WHAT IS NEEDED: Could you copy every record exactly, leaving the pictures behind?

EXTRACTED ENTRIES:
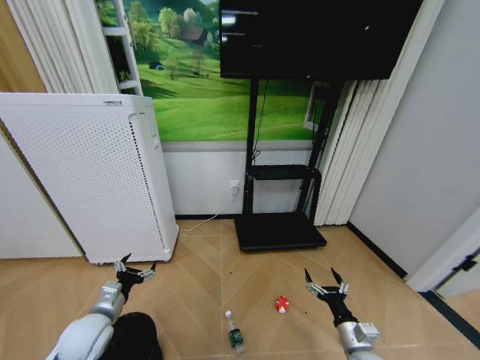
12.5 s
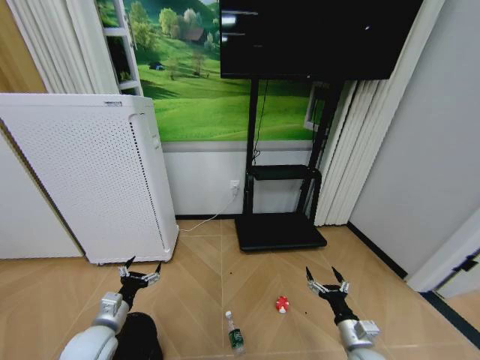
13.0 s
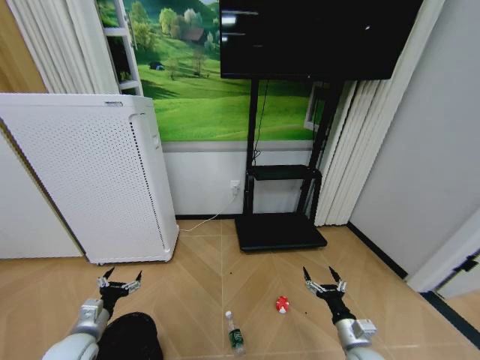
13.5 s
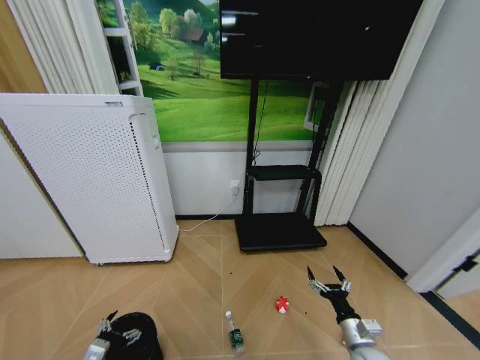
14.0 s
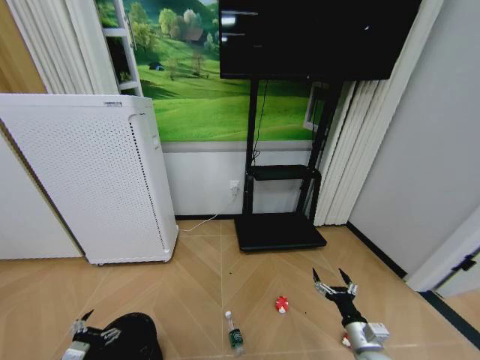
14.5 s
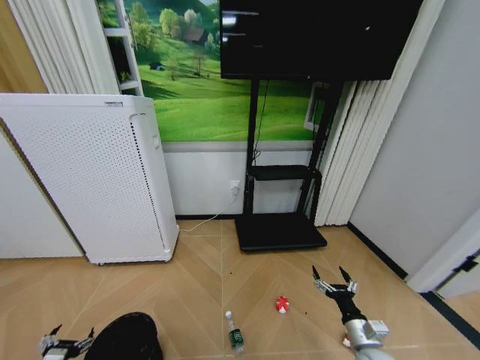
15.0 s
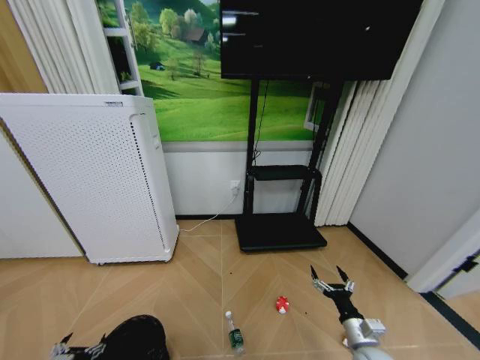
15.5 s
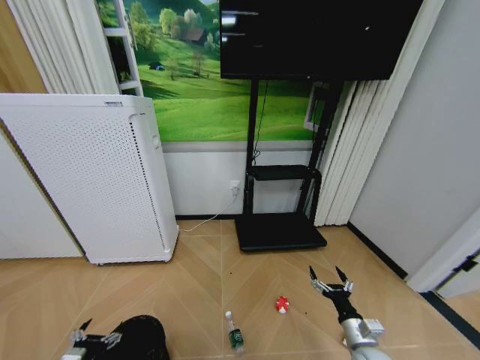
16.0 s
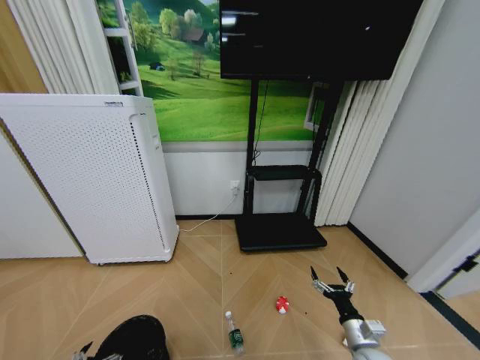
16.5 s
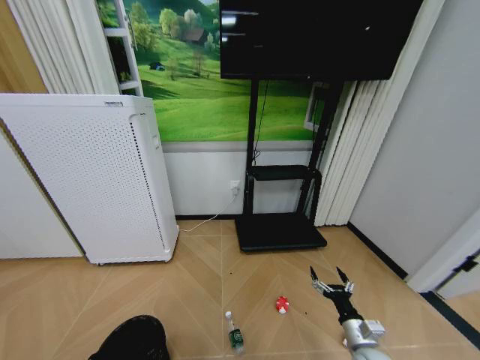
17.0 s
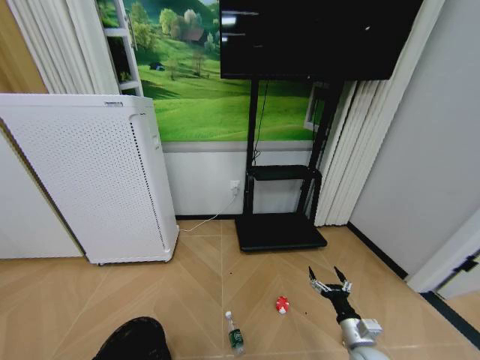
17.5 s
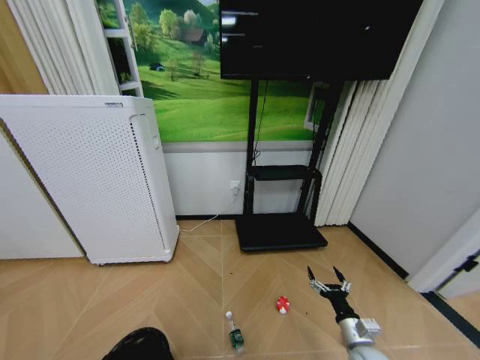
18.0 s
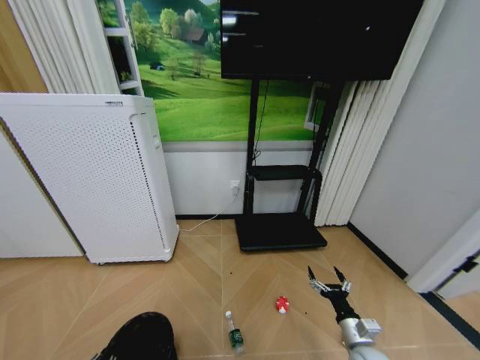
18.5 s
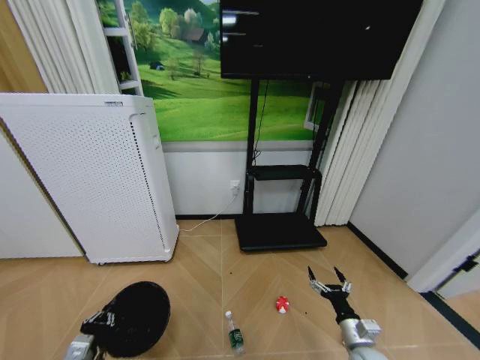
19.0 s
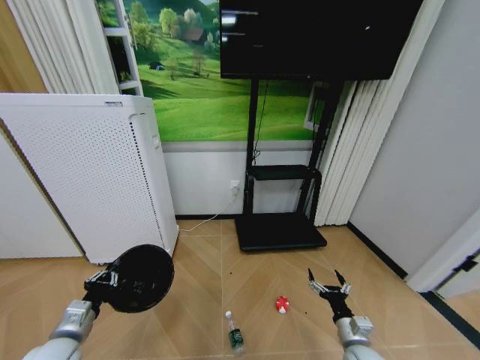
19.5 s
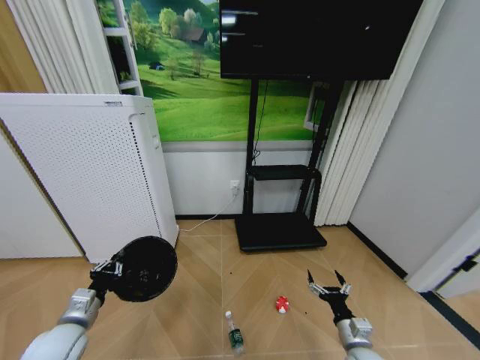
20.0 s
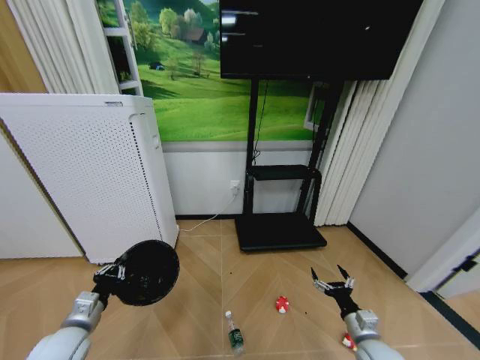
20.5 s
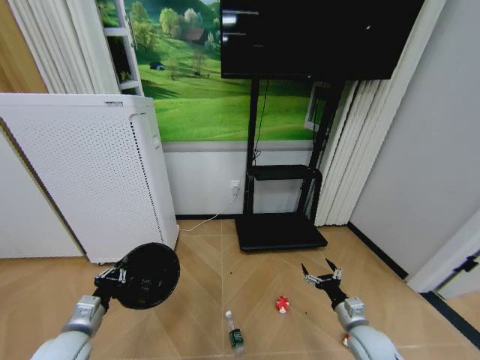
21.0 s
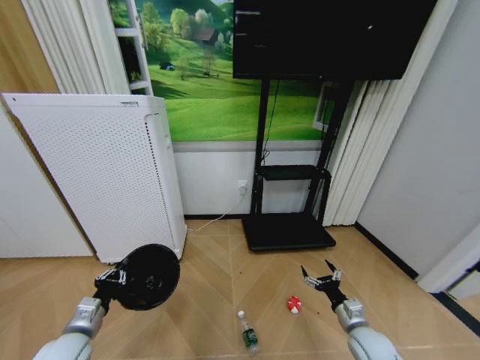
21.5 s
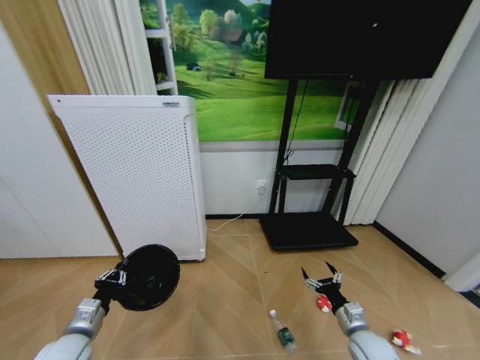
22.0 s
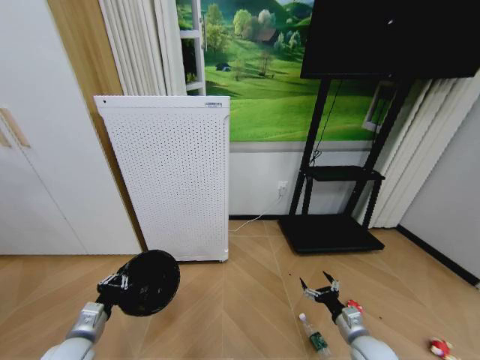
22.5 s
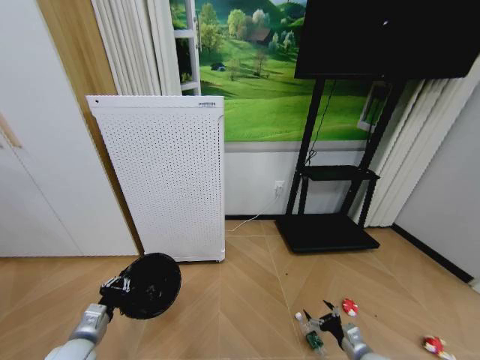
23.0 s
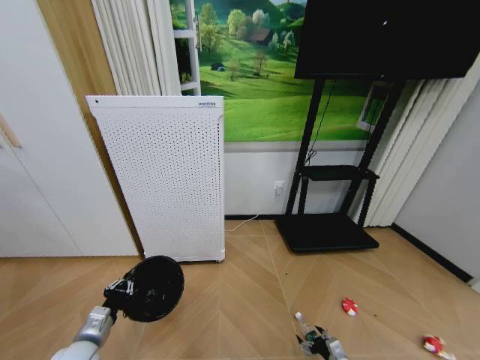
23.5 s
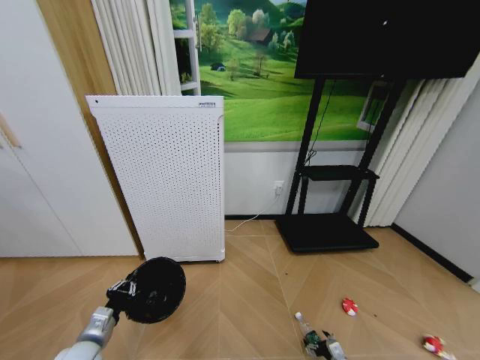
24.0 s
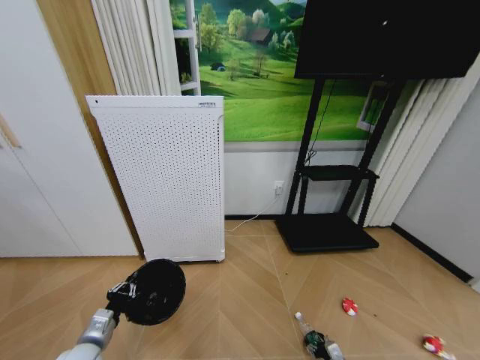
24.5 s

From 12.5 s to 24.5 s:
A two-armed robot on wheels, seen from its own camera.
Task of the whole recording: Pick up the trash bin and place the garbage on the floor into it.
From 12.5 s to 14.5 s: The left gripper goes about 10 cm backward.
From 14.5 s to 16.5 s: The left gripper shifts by roughly 5 cm.
From 16.5 s to 18.5 s: The left gripper closes its fingers.
From 18.5 s to 20.5 s: The left gripper is displaced upward and forward by roughly 15 cm.
From 22.5 s to 24.5 s: The right gripper shifts roughly 20 cm downward.

ANSWER SPACE:
12.5 s
13.0 s
13.5 s
14.0 s
14.5 s
15.0 s
15.5 s
16.0 s
16.5 s
17.0 s
17.5 s
18.0 s
18.5 s
19.0 s
19.5 s
20.0 s
20.5 s
21.0 s
21.5 s
22.0 s
22.5 s
23.0 s
23.5 s
24.0 s
24.5 s

From 12.5 s to 24.5 s:
A two-armed robot on wheels, seen from its own camera.
Task of the whole recording: Pick up the trash bin and place the garbage on the floor into it.
From 12.5 s to 14.5 s: The left gripper goes about 10 cm backward.
From 14.5 s to 16.5 s: The left gripper shifts by roughly 5 cm.
From 16.5 s to 18.5 s: The left gripper closes its fingers.
From 18.5 s to 20.5 s: The left gripper is displaced upward and forward by roughly 15 cm.
From 22.5 s to 24.5 s: The right gripper shifts roughly 20 cm downward.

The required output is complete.